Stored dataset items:

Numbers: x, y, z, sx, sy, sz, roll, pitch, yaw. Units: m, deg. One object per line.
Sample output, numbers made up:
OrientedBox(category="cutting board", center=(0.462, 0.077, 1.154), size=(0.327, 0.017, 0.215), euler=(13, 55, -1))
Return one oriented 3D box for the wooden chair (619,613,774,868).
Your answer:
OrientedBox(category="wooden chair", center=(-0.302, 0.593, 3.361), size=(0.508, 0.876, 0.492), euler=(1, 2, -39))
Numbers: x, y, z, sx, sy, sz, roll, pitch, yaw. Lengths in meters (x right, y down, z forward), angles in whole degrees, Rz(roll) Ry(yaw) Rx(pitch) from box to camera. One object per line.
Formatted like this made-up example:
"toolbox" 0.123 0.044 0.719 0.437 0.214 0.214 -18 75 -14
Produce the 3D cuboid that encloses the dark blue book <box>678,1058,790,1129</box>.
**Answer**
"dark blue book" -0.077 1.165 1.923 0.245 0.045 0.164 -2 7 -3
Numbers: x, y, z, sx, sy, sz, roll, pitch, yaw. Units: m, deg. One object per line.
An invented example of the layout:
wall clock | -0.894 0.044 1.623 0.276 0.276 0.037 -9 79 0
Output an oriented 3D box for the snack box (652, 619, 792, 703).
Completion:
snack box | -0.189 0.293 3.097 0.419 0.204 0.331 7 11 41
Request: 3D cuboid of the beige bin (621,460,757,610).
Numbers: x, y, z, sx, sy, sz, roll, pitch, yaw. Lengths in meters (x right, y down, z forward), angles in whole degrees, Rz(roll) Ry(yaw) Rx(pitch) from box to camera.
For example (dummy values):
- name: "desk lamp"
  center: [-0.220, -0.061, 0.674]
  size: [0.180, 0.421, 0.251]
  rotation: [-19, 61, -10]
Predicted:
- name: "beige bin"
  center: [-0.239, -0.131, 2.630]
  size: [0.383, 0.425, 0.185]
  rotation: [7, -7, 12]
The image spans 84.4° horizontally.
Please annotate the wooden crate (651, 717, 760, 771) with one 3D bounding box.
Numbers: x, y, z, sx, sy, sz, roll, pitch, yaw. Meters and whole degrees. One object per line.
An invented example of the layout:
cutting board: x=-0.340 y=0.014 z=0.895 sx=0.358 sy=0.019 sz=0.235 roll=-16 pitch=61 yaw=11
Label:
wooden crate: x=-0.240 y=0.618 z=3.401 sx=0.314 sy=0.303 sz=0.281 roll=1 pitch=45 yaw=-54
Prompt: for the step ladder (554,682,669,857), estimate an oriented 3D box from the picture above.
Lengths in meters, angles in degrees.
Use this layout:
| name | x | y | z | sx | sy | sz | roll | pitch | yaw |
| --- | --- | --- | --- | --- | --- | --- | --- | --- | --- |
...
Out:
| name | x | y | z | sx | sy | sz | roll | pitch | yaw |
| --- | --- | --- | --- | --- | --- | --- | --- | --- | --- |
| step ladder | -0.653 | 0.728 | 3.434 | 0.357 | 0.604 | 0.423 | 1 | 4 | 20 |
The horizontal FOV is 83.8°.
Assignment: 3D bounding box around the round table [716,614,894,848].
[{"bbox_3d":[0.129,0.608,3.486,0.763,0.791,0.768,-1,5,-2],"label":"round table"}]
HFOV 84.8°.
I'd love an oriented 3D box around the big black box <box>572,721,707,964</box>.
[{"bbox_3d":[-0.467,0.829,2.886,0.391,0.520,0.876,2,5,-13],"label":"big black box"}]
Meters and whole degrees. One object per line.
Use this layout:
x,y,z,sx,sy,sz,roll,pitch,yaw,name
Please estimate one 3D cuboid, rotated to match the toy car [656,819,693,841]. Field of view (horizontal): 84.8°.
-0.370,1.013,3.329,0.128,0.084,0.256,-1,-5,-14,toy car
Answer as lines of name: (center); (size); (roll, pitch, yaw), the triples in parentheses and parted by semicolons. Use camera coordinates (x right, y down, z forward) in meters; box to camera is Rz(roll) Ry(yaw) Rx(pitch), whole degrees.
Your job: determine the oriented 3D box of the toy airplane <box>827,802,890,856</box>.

§ **Problem statement**
Output all the lines above. Keep each one exact.

§ **Exercise solution**
Numbers: x, y, z, sx, sy, sz, roll, pitch, yaw. Units: m, deg. One object per line.
Sample output, numbers made up:
OrientedBox(category="cutting board", center=(0.462, 0.077, 1.154), size=(0.327, 0.017, 0.215), euler=(13, 55, -1))
Return one oriented 3D box for the wooden chair (619,613,774,868).
Your answer:
OrientedBox(category="wooden chair", center=(-0.302, 0.593, 3.361), size=(0.508, 0.876, 0.492), euler=(1, 2, -39))
Numbers: x, y, z, sx, sy, sz, roll, pitch, yaw. Lengths in meters (x right, y down, z forward), angles in whole degrees, Rz(roll) Ry(yaw) Rx(pitch) from box to camera. One object per line.
Formatted like this made-up example:
"toolbox" 0.123 0.044 0.719 0.437 0.214 0.214 -18 75 -14
Produce the 3D cuboid that encloses the dark blue book <box>678,1058,790,1129</box>.
**Answer**
"dark blue book" -0.077 1.165 1.923 0.245 0.045 0.164 -2 7 -3
Numbers: x, y, z, sx, sy, sz, roll, pitch, yaw. Units: m, deg. One object per line.
An invented example of the layout:
wall clock | -0.894 0.044 1.623 0.276 0.276 0.037 -9 79 0
Output an oriented 3D box for the snack box (652, 619, 792, 703).
Completion:
snack box | -0.189 0.293 3.097 0.419 0.204 0.331 7 11 41
Request: 3D cuboid of the beige bin (621,460,757,610).
Numbers: x, y, z, sx, sy, sz, roll, pitch, yaw. Lengths in meters (x right, y down, z forward), angles in whole degrees, Rz(roll) Ry(yaw) Rx(pitch) from box to camera.
For example (dummy values):
- name: "desk lamp"
  center: [-0.220, -0.061, 0.674]
  size: [0.180, 0.421, 0.251]
  rotation: [-19, 61, -10]
Predicted:
- name: "beige bin"
  center: [-0.239, -0.131, 2.630]
  size: [0.383, 0.425, 0.185]
  rotation: [7, -7, 12]
The image spans 84.4° horizontally.
Please annotate the wooden crate (651, 717, 760, 771) with one 3D bounding box.
Numbers: x, y, z, sx, sy, sz, roll, pitch, yaw. Meters and whole degrees. One object per line.
An invented example of the layout:
cutting board: x=-0.340 y=0.014 z=0.895 sx=0.358 sy=0.019 sz=0.235 roll=-16 pitch=61 yaw=11
Label:
wooden crate: x=-0.240 y=0.618 z=3.401 sx=0.314 sy=0.303 sz=0.281 roll=1 pitch=45 yaw=-54
Prompt: for the step ladder (554,682,669,857), estimate an oriented 3D box from the picture above.
Lengths in meters, angles in degrees.
Use this layout:
| name | x | y | z | sx | sy | sz | roll | pitch | yaw |
| --- | --- | --- | --- | --- | --- | --- | --- | --- | --- |
...
Out:
| name | x | y | z | sx | sy | sz | roll | pitch | yaw |
| --- | --- | --- | --- | --- | --- | --- | --- | --- | --- |
| step ladder | -0.653 | 0.728 | 3.434 | 0.357 | 0.604 | 0.423 | 1 | 4 | 20 |
The horizontal FOV is 83.8°.
Assignment: 3D bounding box around the round table [716,614,894,848].
[{"bbox_3d":[0.129,0.608,3.486,0.763,0.791,0.768,-1,5,-2],"label":"round table"}]
HFOV 84.8°.
I'd love an oriented 3D box around the big black box <box>572,721,707,964</box>.
[{"bbox_3d":[-0.467,0.829,2.886,0.391,0.520,0.876,2,5,-13],"label":"big black box"}]
Meters and whole degrees. One object per line.
Use this layout:
x,y,z,sx,sy,sz,roll,pitch,yaw,name
Please estimate one 3D cuboid, rotated to match the toy car [656,819,693,841]. Field of view (horizontal): 84.8°.
-0.370,1.013,3.329,0.128,0.084,0.256,-1,-5,-14,toy car
Answer as lines of name: (center); (size); (roll, pitch, yaw), the triples in parentheses and parted by semicolons. Use camera coordinates (x right, y down, z forward) in meters; box to camera is Rz(roll) Ry(yaw) Rx(pitch), whole degrees.
Your job: determine the oriented 3D box of the toy airplane <box>827,802,890,856</box>.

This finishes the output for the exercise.